Puis-je revendiquer un crédit d'abattement logarithmique des virus sur la membrane de 0,1 μm ?
Non. La revue MDPI Water de 2014 a confirmé que la MF/UF dans les MBR ne constituent pas des barrières par exclusion de taille pour les virus les plus petits (MDPI Water, 2014). Toute spécification de réutilisation exigeant une réduction virale nécessite une étape aval par UV ou chlore ; la membrane assure l'enveloppe MES, pas la barrière pathogène.
Quels sont le TRS et le rendement de boues typiques pour un MBR sur eau blanche ?
Le TRS se situe entre 30 et 60 jours et le rendement de boues entre 0,2 et 0,35 kg de MES par kg de DBO éliminé — inférieur à celui d'un MBR municipal, car une partie de la DCO de l'eau blanche est déjà partiellement oxydée. Les boues extraites à 0,5–1,5 % de MS alimentent un filtre-presse à plateaux produisant un gâteau à 22–28 % de MS.
Comment choisir entre un MBR à membranes planes et à fibres creuses sur eau blanche ?

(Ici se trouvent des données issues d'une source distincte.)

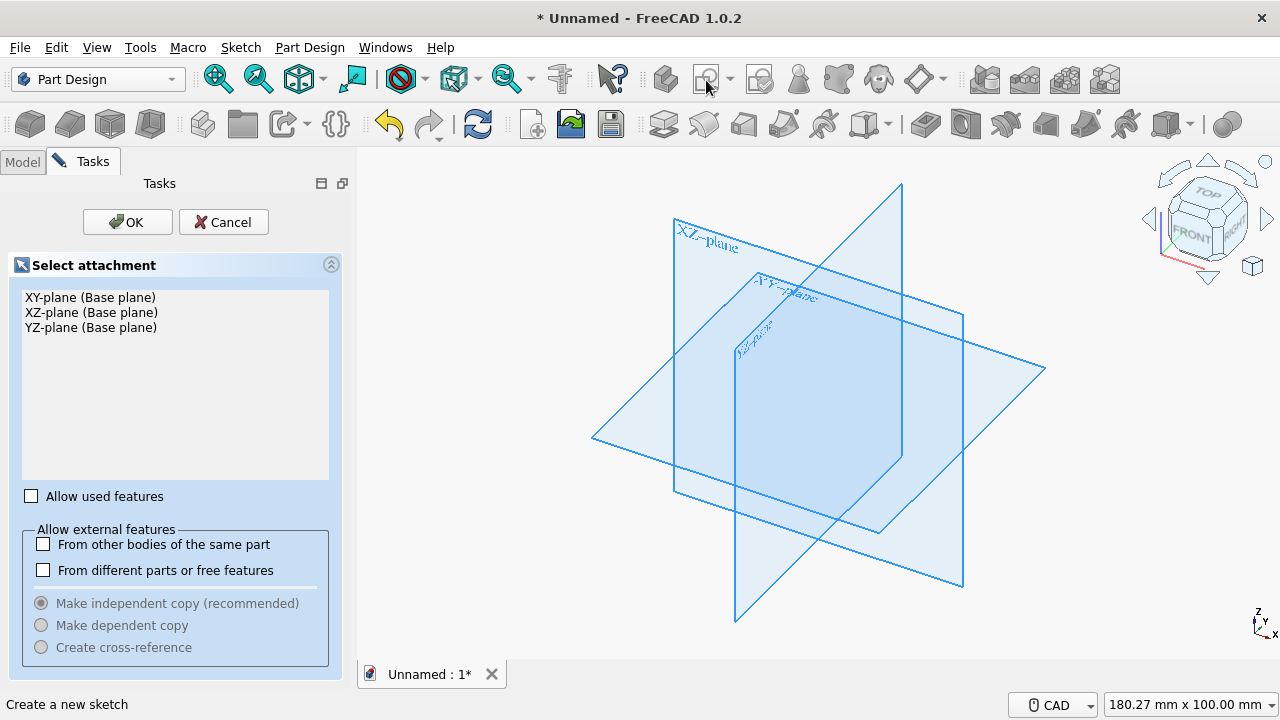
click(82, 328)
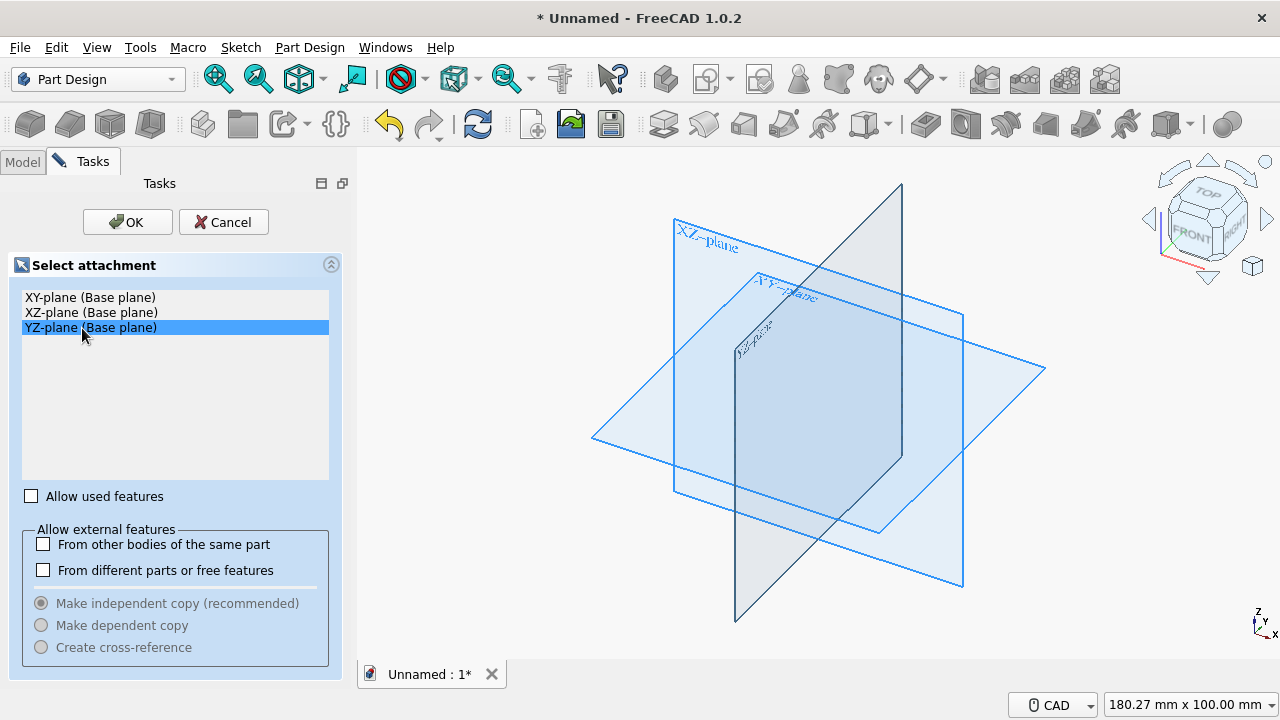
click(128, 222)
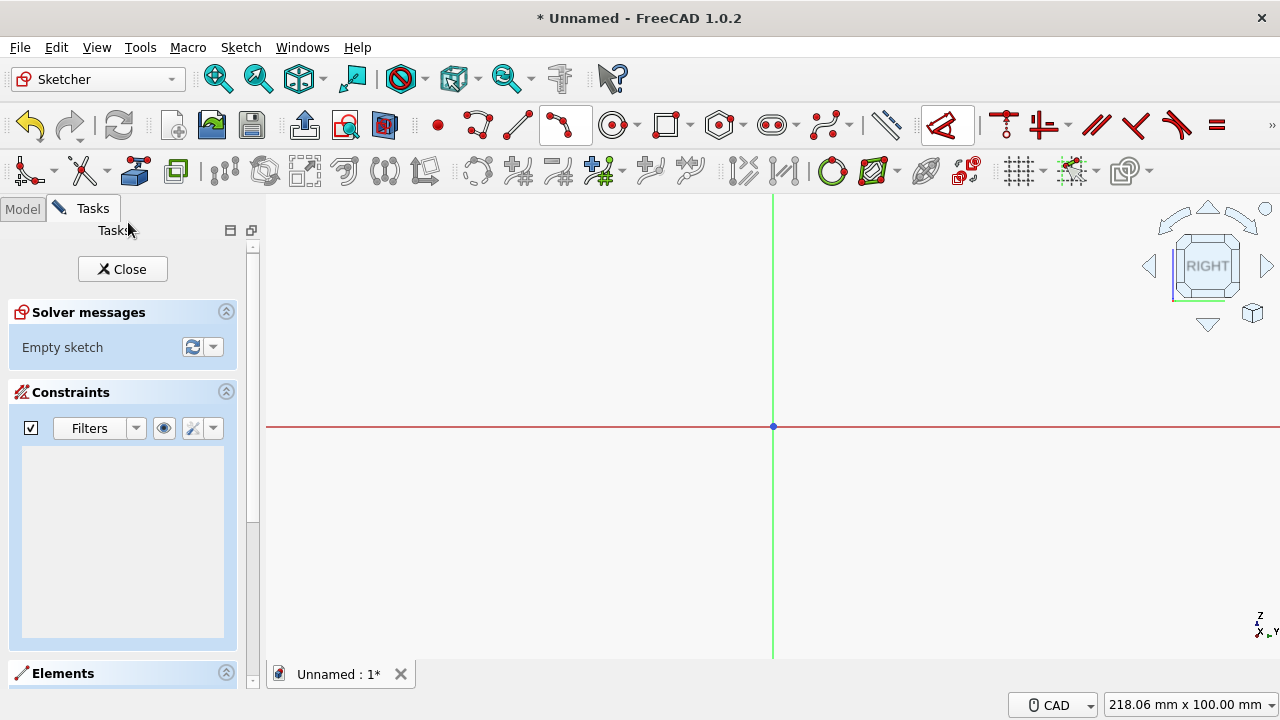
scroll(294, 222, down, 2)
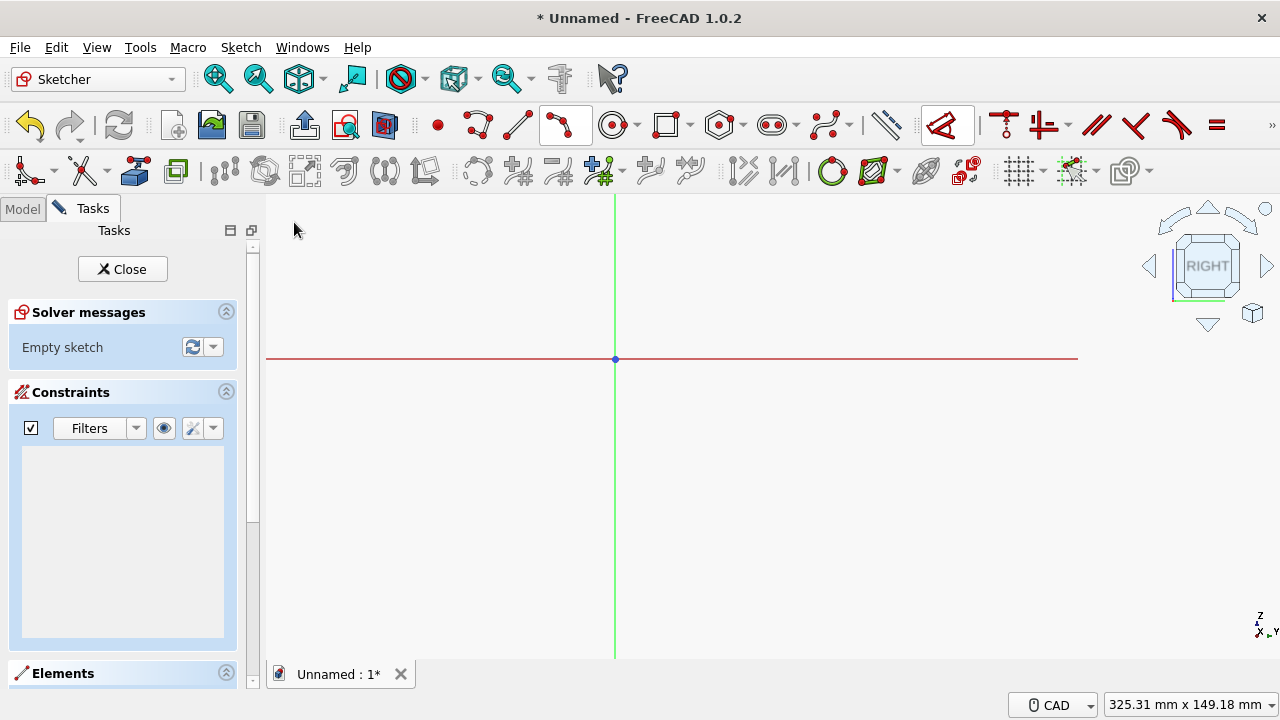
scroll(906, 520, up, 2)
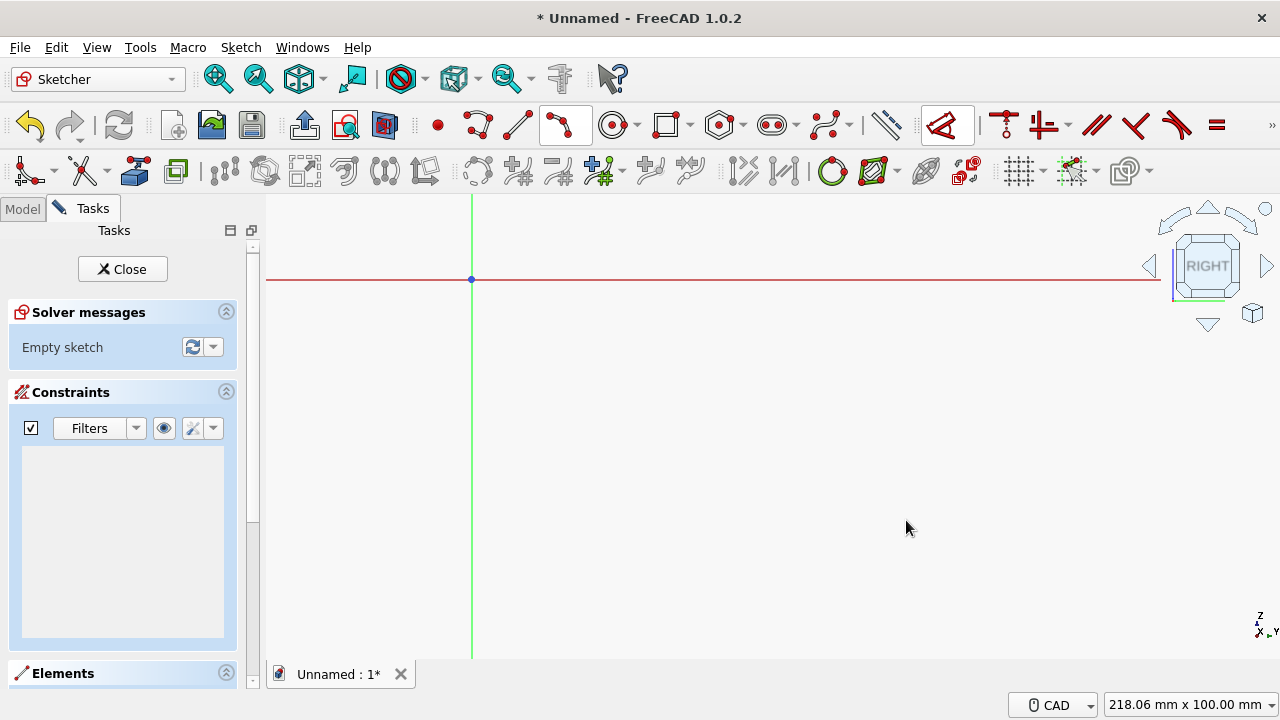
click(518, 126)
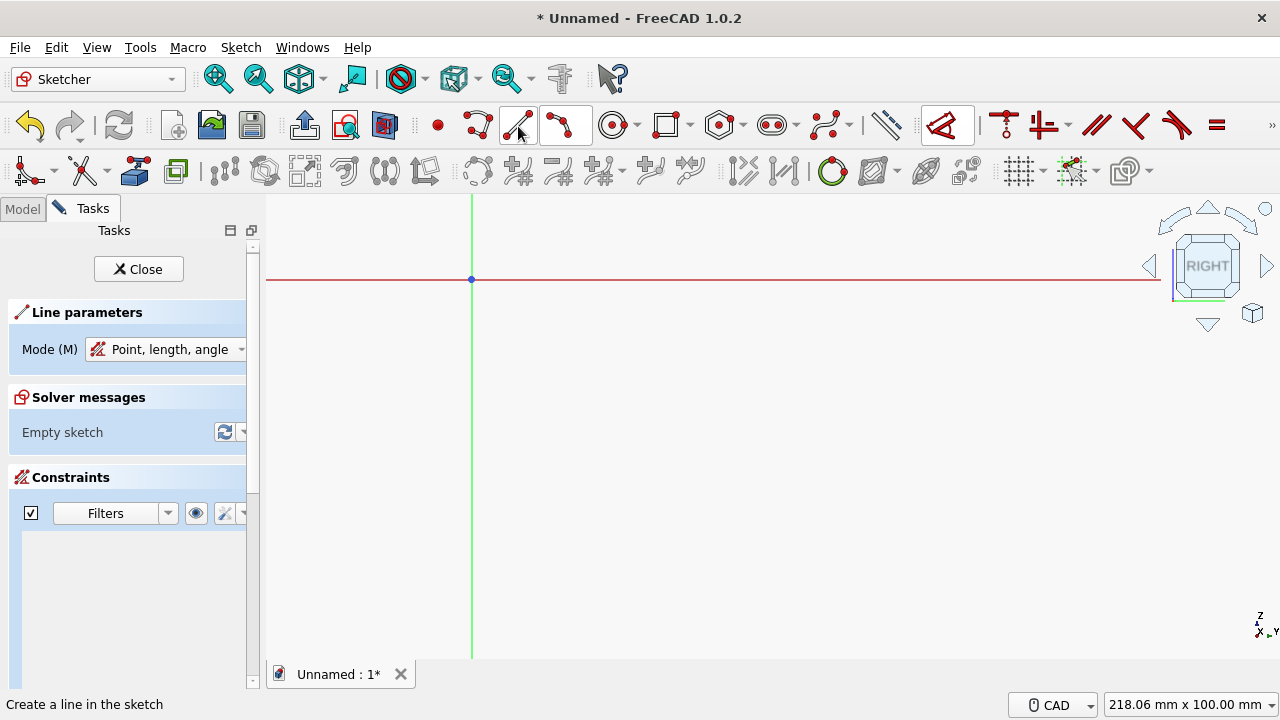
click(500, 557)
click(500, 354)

La membrane plane PVDF est le choix par défaut en dessous d'environ 5 000 m³/jour, car le canal ouvert laisse passer les fibres sans colmatage et le balayage à l'air y est uniforme. Le système à fibres creuses en flux latéral ne se justifie qu'au-dessus de ce débit, sur des flux relativement propres. Pour les boucles de machine à papier avec matières collantes et fines, le module à membranes planes PVDF série DF (80–225 m² par cassette) est le choix technique.